When Rebecca Harding Davis died in 1910, not one literary journal noted her passing ( Olsen152). An obituary in the New York Times appeared under this header: "Mother of Richard Harding Davis Dies at Son's Home in Mt. Kisco, aged 79" ( Olsen153). Thankfully, such neglect has been corrected in the past few decades: Davis has not only been rediscovered but even canonized (while her journalist son's star has plummeted). This has not, however, been the case with Elizabeth Stuart Phelps, another woman writer ultimately eclipsed by her more famous child. Although Phelps's daughter took her mother's name in hopes of perpetuating her memory--and although, of course, no one would want to marginalize this rightly famous daughter--it is regretfully true that one reason Elizabeth Stuart Phelps ( 1815-1852) has not retained her rightful place in literary history is that Elizabeth Stuart Phelps (Ward) ( 1844-1911) has, albeit with the best of intentions, usurped it.

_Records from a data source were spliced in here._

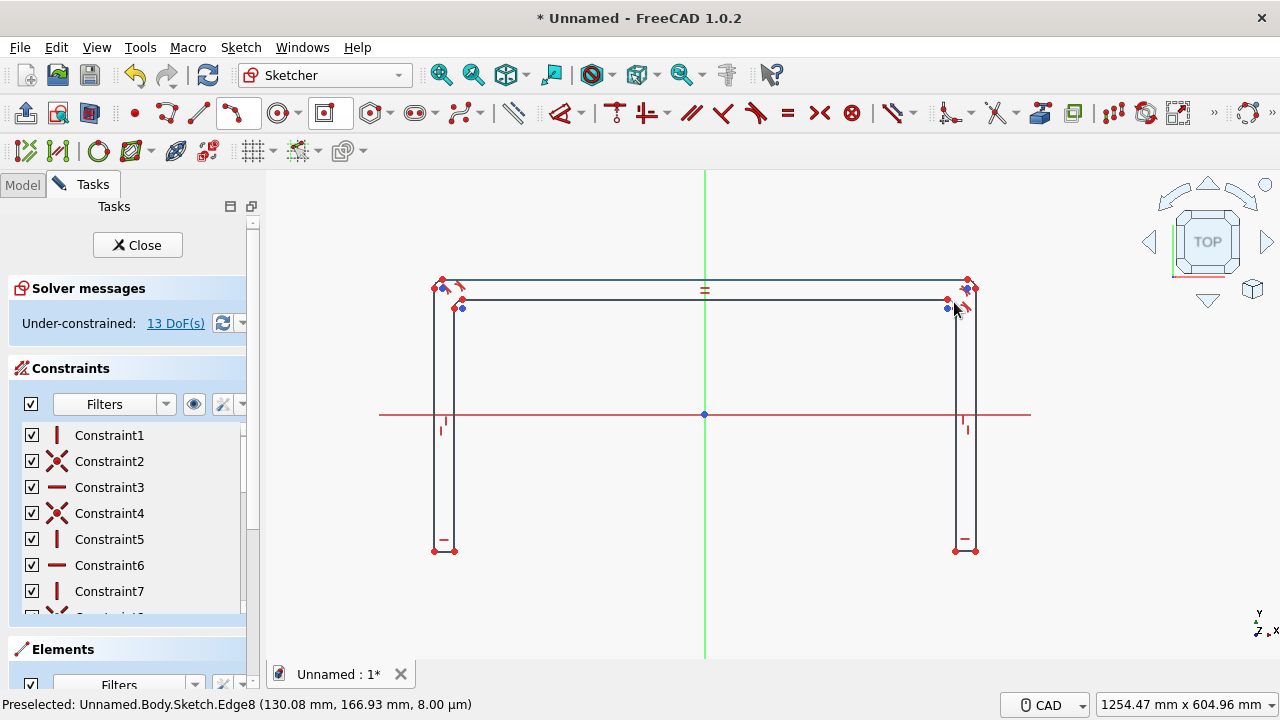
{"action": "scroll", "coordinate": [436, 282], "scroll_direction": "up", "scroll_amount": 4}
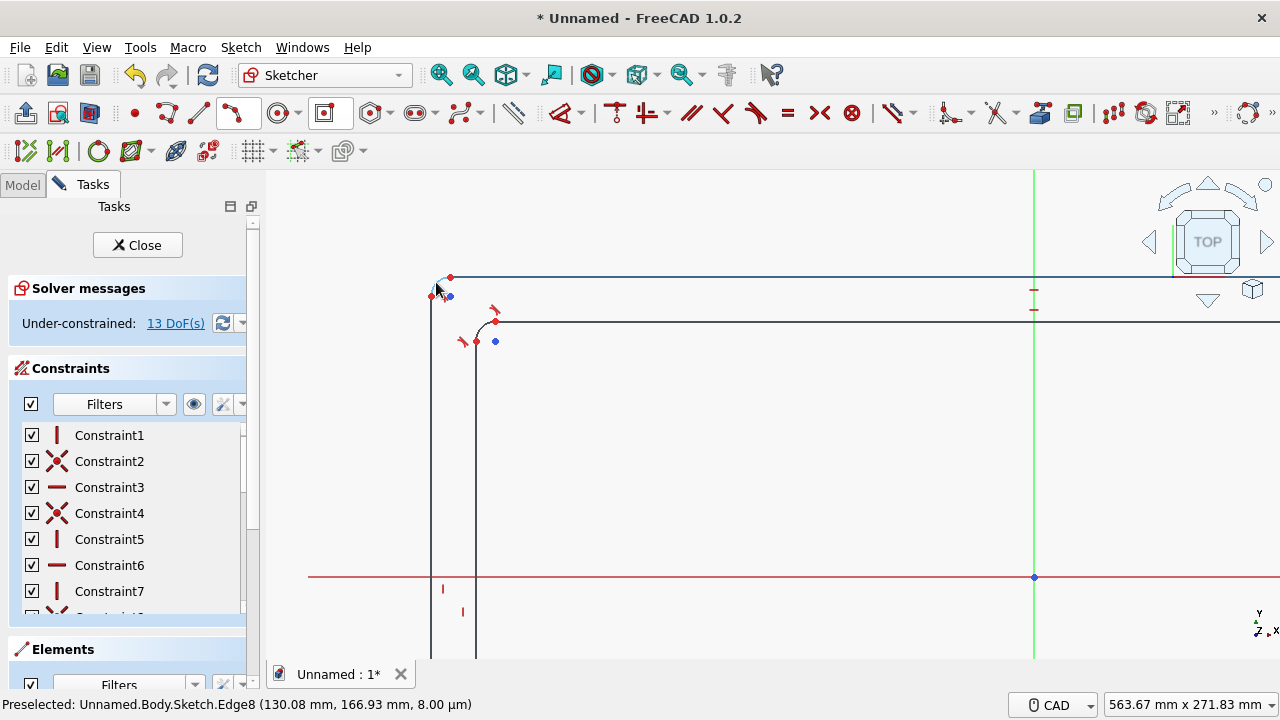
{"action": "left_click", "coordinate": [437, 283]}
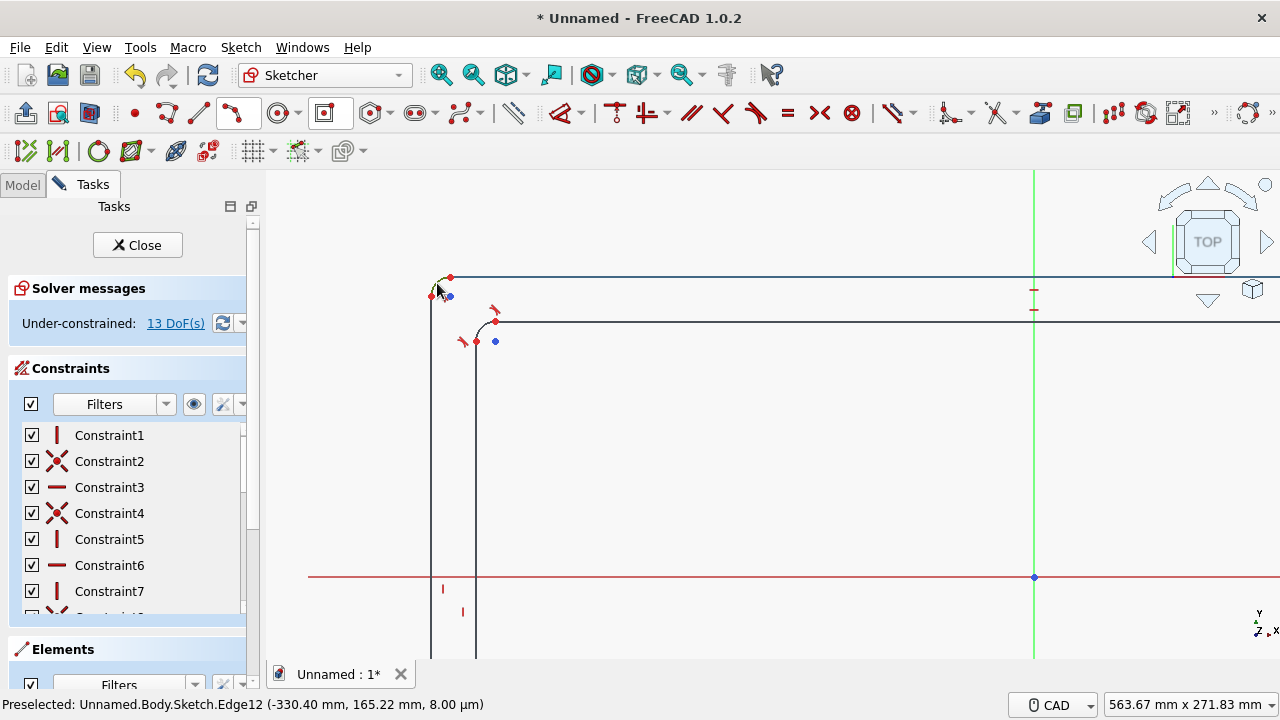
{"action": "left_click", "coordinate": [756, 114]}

Literary scholars seem only to have contributed to this confusion. Rutgers Press's edition of The Story of Avis lists the author's name as Elizabeth Stuart Phelps and not as Elizabeth Stuart Phelps Ward, the latter name being the conventional means of distinguishing the daughter from her mother. Carol Farley Kessler's Twayne critical edition on the daughter's career also refers to its titular subject without appending her married surname.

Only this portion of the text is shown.